E questo, in tendenza, potrebbe portare a ingaggiare in esclusiva grandi personaggi (già sta avvenendo negli Stati Uniti, con Spotify che ha firmato un contratto di esclusiva da 100 milioni di dollari con l'intrattenitore Joe Rogan), strappandoli dalle radio o dalla tv e senza più condividerli con nessuno (un po' come Netflix che a un certo punto ha deciso che i suoi prodotti originali sarebbero stati distribuiti solo su Netflix). Se le piattaforme di podcast decidessero di passare all'attacco e di conquistare il mercato a botte di esclusive, sarebbero guai per tutti.
giuseppe cruciani de la zanzara
In Italia, per esempio, alcuni mesi fa c'è stata una approfondita analisi sulla opportunità, da parte di Spotify, di ingaggiare Giuseppe Cruciani in esclusiva, strappandolo a Radio 24 e trasferendo tutto il circo de La Zanzara sulla piattaforma in streaming. Poi, però, non se ne è fatto nulla: in primis per i problemi tecnici di Spotify, che non è ancora in grado di gestire una diretta audio e video (e senza l'interazione col pubblico il programma di Cruciani perde di senso), e poi anche perché, dal punto di vista pubblicitario, le prospettive di raccolta non erano sufficienti.
«Noi da novembre del 2021 abbiamo messo sulle piattaforme digitali il podcast dello Zoo di 105, e ci siamo resi conto di quanto queste operazioni allarghino il pubblico. Ma resto dubbioso», dice Paolo Salvaderi, amministratore delegato di Radio Mediaset (105, Virgin, R101, Rmc Subasio), «sul fatto che le grandi piattaforme possano comprare grandi programmi o ingaggiare grandi personaggi.
Il podcast dello Zoo, secondo le proiezioni, fa 10 milioni di contatti all'anno sulle piattaforme. Ma lo Zoo ne fa 1,4 milioni al giorno, live, in radio. Inoltre per i personaggi, siano essi Cruciani o altri, andare solo in piattaforma significa sparire dai radar, non fare più serate, ospitate, non fare più i tour. Vedremo, ma mi sembra presto». E allora? Intanto gli editori che hanno nella parte audio il loro core business cercano di fare ordine.
Sta per accadere in Radio Mediaset, con la nuova release della app United music in cui saranno raccolti anche tutti i podcast.
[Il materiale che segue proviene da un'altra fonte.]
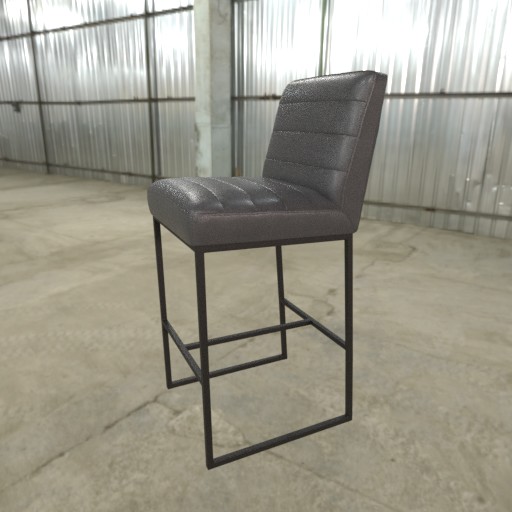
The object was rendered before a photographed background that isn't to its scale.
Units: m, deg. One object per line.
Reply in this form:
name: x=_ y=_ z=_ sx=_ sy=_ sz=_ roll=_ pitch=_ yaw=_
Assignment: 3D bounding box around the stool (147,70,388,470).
stool: x=0.000 y=0.000 z=1.351 sx=0.552 sy=1.040 sz=0.457 roll=-8 pitch=19 yaw=-24

Ed è appena successo a Gedi (Repubblica, Stampa, Radio Deejay ecc), col lancio di One podcast, piattaforma sotto la direzione editoriale di Linus che riunirà tutti i podcast del gruppo Gedi, quelli di iHeartMedia e che produrrà pure podcast originali.
«Al momento», spiegano gli esperti di Gedi, «i podcast li ascolti quasi esclusivamente sui canali degli editori, sui loro siti web, sulle loro app. E solo in parte minima sulle piattaforme. Un programma di Deejay, in podcast, fa il 90% degli ascolti sulle nostre app e sul sito, e solo 10% sulle piattaforme: diciamo il 6% su Spotify, il 2,5% su Apple, e il resto su altre piattaforme come Amazon, Google o Samsung. A breve, per i podcast Gedi sulle piattaforme tipo Spotify partiranno i pre-roll a cura di Manzoni».